For image-level self-censorship, our results in
Table 3 showed that applying self-censorship to either model individually improved glaucoma classification performance compared to using either model individually without self-censorship. As summarized in
Table 3, the average performance of the individual standard DL and Dirichlet models degraded by 36.2%, 20.2%, 12.1%, and 11.0% on the OOD datasets, respectively, compared to their average performance on the IND UIC dataset.

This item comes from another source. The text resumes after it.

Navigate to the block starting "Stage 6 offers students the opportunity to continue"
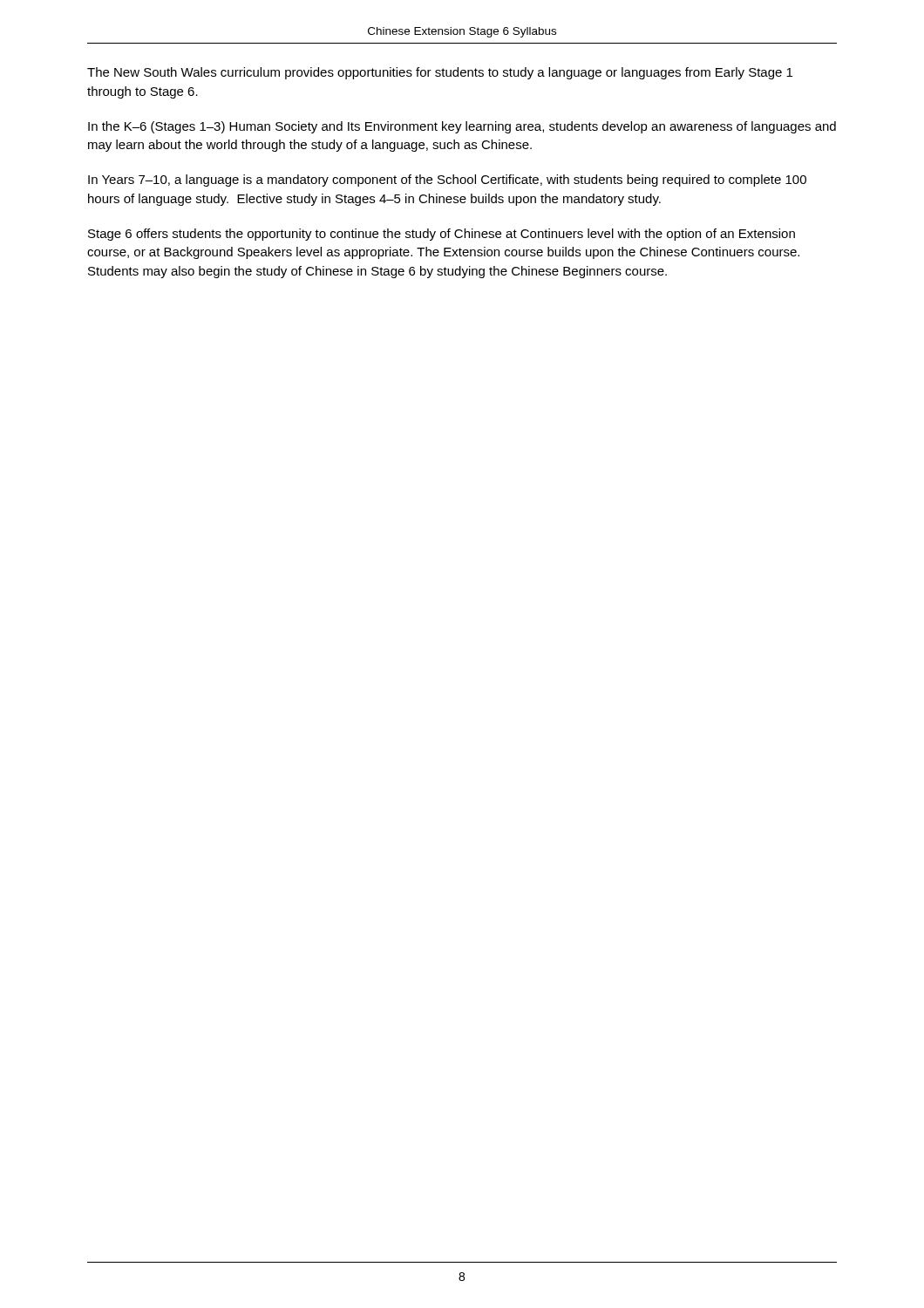This screenshot has width=924, height=1308. pyautogui.click(x=444, y=252)

Notably, applying selective self-censorship to improved accuracy by 10.13% on UIC, 9.58% on RIMONE-DL, 21.25% on O-RIGA, 27.23% on REFUGE, and 14.92% on LAG datasets, averaged across the individual models without self-censorship. This improvement, however, came at the cost of censoring 15%, 37%, 20%, 34%, and 22% of data from the IND UIC and OOD RIMONE-DL, O-RIGA, REFUGE, and LAG datasets, respectively, with the highest censorship on RIMONE-DL, likely due to its ONH-cropped images differing from the full-view UIC fundus images used in training, shown in
Table 1. Exclusively on the attained uncensored data selected by the ensemble + self-censorship model,
Table 4 compares the performance of the proposed image-level self-censorship against baselines. On this subset of data, our self-censorship model achieves 0.0%, 6.8%, 13.7%, 9.7%, and 3.3% higher accuracy than the averaged accuracy of the standard DL and Dirichlet baselines across the internal UIC, and external RIMONE-DL, O-RIGA, REFUGE, and LAG datasets, respectively. Additionally, even individual baseline models benefit from self-censorship, with their accuracies increasing by 5.6%, 2.3%, 3.4%, 10.5%, and 7.6% on these datasets, after uncertain cases are removed. Thus, the image-level self-censorship approach balances improved glaucoma classification accuracy with the percentage of retained data.